▶ _Exercise directions_
Gather all lines in the entries that include the word "Meters".

(Extracted records)
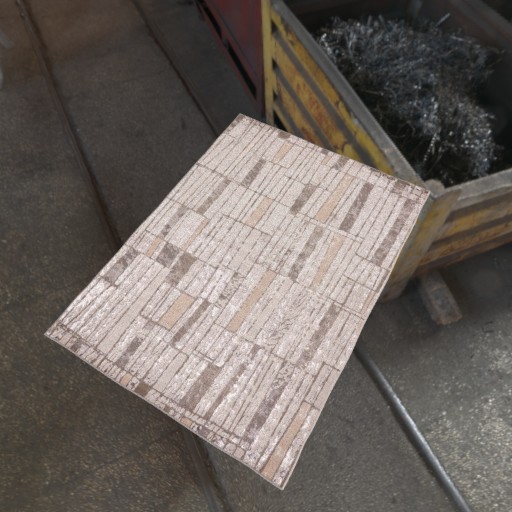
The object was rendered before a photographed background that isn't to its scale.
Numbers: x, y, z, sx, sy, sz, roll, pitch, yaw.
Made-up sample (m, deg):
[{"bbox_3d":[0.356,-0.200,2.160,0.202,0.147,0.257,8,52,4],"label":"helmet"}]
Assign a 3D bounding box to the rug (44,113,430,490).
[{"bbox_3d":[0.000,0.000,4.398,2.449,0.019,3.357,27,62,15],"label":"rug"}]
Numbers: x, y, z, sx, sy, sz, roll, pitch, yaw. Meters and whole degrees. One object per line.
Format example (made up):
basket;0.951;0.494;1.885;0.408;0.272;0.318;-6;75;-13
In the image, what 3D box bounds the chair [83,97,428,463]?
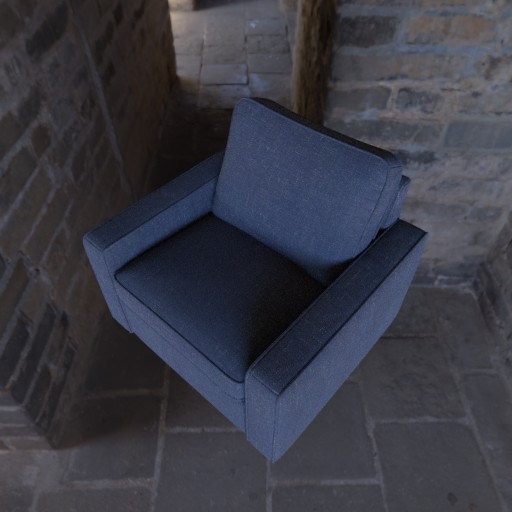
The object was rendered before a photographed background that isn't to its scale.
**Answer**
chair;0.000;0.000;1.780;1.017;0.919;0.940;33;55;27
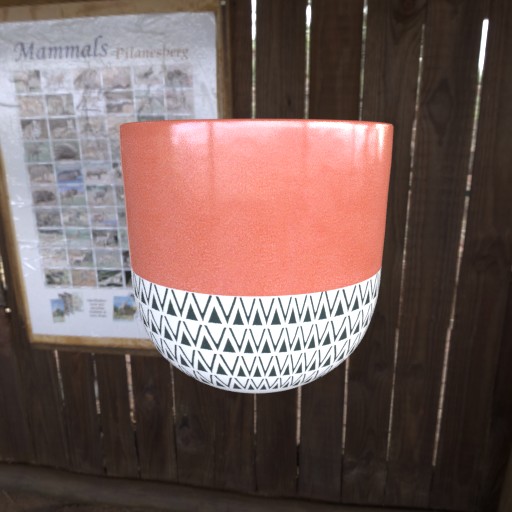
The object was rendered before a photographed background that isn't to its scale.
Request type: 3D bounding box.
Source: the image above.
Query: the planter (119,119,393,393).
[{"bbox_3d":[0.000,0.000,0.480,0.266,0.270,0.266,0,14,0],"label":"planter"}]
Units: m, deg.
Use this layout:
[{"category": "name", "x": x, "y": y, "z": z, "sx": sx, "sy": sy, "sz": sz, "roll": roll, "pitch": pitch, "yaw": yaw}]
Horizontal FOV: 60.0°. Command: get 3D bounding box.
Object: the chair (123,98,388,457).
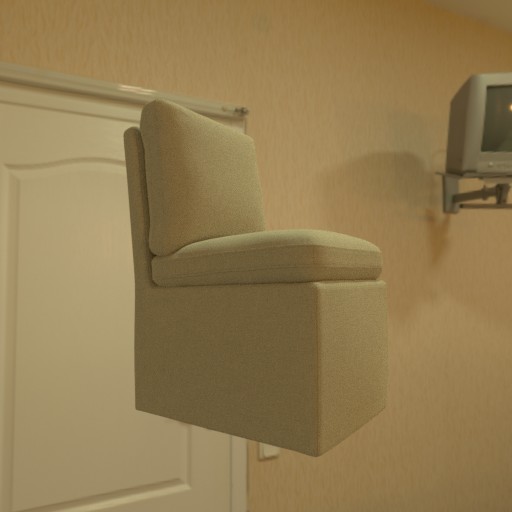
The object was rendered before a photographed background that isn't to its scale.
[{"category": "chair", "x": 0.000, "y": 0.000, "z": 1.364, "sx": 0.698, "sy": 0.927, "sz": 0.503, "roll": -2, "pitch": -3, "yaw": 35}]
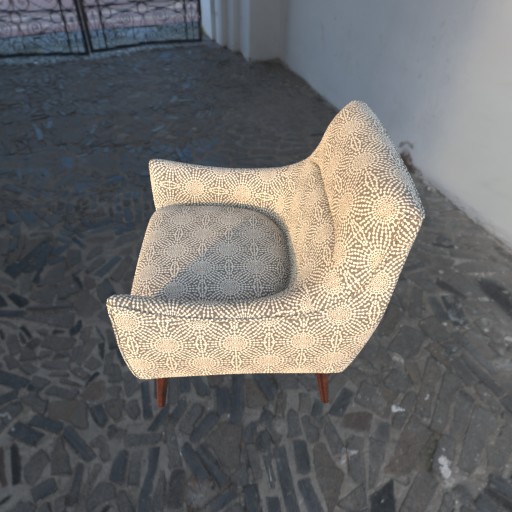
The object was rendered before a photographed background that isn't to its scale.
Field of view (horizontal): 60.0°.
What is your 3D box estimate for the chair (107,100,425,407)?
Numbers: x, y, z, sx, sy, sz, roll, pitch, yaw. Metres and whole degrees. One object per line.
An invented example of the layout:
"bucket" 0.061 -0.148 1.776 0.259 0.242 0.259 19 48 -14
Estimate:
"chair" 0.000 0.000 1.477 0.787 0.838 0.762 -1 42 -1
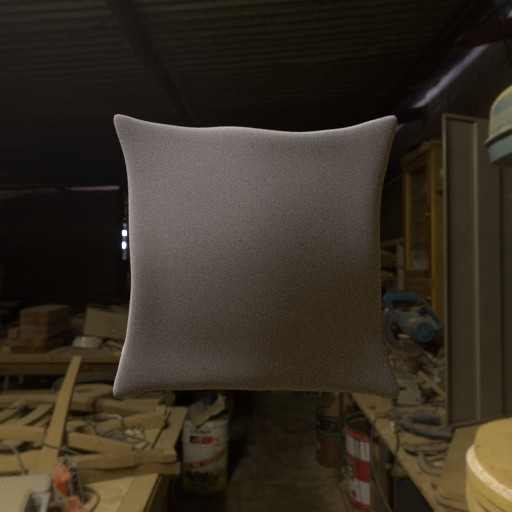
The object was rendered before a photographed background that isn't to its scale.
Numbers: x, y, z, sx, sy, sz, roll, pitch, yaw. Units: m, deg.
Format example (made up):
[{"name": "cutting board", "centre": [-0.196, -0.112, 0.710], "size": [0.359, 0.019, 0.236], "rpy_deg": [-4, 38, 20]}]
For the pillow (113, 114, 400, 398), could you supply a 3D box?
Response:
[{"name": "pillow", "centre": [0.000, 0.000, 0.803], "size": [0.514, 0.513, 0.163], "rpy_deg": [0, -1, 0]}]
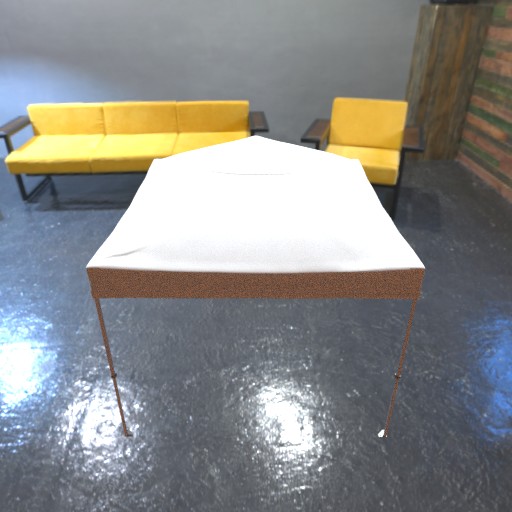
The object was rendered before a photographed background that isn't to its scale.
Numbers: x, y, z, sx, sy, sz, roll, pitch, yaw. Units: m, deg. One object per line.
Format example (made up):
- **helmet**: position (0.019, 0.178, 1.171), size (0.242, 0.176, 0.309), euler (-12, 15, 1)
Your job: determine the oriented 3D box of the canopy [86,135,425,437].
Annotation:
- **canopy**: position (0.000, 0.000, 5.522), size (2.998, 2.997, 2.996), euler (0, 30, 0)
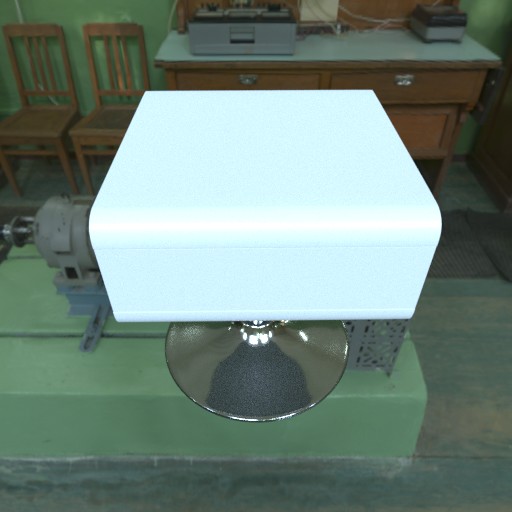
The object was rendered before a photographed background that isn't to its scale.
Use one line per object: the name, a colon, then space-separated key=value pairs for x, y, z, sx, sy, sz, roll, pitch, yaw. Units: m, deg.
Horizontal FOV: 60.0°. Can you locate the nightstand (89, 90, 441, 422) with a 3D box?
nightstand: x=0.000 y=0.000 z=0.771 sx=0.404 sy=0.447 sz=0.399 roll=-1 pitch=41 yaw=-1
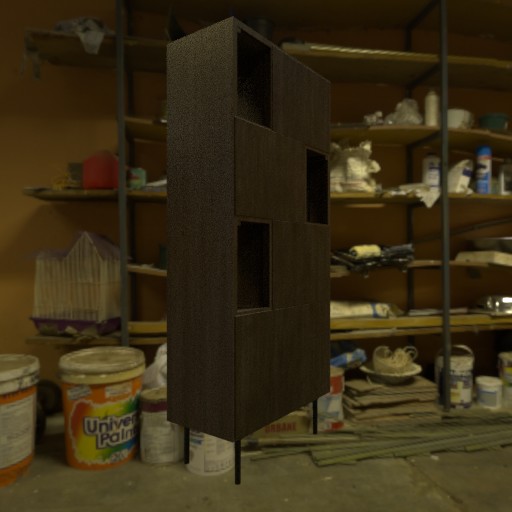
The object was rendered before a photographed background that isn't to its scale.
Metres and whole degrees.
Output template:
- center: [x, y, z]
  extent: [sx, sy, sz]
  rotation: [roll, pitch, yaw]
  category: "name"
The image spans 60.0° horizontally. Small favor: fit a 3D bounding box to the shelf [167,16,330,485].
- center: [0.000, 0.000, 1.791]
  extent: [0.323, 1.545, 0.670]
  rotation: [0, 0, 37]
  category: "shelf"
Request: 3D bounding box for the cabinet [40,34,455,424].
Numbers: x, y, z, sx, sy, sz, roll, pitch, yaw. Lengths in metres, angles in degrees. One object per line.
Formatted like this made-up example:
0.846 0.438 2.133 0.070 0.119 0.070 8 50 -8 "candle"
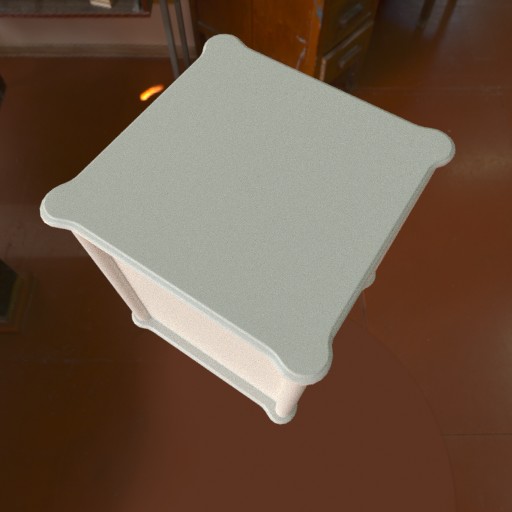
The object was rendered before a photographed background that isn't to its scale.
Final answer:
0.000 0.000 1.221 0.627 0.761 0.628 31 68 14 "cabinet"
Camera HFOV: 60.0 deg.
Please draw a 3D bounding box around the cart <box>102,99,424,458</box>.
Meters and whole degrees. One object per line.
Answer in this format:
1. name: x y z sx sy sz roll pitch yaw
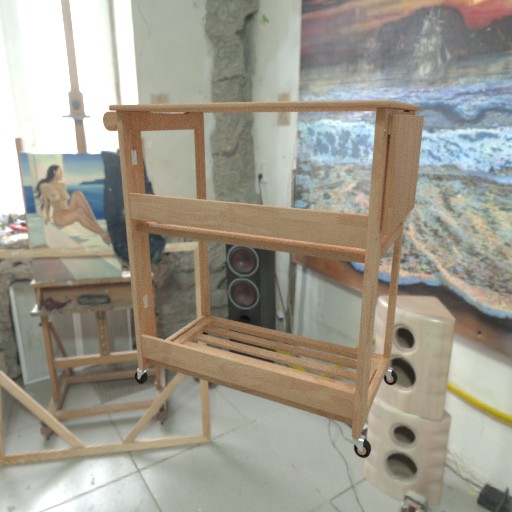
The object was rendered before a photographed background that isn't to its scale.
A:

▶ _Written response_
Numbers: x, y, z, sx, sy, sz, roll, pitch, yaw. Meters and whole degrees. One object per line.
Meters and whole degrees. One object per line.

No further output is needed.